DATA TO USE

*** Block opens ***

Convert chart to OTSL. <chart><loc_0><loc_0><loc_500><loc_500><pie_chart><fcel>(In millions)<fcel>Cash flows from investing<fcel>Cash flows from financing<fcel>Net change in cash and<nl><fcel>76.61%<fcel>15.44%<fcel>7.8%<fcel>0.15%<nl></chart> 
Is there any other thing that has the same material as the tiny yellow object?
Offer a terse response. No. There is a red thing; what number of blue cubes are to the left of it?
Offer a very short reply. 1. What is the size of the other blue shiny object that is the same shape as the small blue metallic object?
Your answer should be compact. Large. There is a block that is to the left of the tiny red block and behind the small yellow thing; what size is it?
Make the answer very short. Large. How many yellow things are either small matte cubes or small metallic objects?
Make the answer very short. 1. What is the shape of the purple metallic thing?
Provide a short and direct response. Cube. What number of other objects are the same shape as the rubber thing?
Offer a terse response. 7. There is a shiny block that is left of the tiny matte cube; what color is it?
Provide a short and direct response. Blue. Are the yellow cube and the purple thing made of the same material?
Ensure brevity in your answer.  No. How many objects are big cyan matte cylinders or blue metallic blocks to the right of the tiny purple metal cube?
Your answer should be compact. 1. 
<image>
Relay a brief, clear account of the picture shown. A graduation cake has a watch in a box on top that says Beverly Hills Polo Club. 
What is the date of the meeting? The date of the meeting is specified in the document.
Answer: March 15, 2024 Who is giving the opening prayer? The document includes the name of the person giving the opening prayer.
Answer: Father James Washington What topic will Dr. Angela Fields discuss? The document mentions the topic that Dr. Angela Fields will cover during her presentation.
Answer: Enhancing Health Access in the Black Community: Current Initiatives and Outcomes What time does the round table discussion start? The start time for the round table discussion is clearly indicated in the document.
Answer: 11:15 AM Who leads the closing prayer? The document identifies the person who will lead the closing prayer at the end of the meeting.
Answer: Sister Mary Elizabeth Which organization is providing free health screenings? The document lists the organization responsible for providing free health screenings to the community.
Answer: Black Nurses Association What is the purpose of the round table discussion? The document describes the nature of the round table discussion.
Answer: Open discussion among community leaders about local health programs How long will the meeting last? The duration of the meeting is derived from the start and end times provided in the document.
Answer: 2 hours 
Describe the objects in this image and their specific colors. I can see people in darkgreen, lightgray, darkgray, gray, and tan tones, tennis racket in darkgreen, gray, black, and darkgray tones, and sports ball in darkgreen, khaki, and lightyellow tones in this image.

*** Block closes ***

YOUR TASK
Look through the records above for the string "material", then copy every line that has it.

OUTPUT FOR THIS TASK
Is there any other thing that has the same material as the tiny yellow object?
Provide a short and direct response. Blue. Are the yellow cube and the purple thing made of the same material?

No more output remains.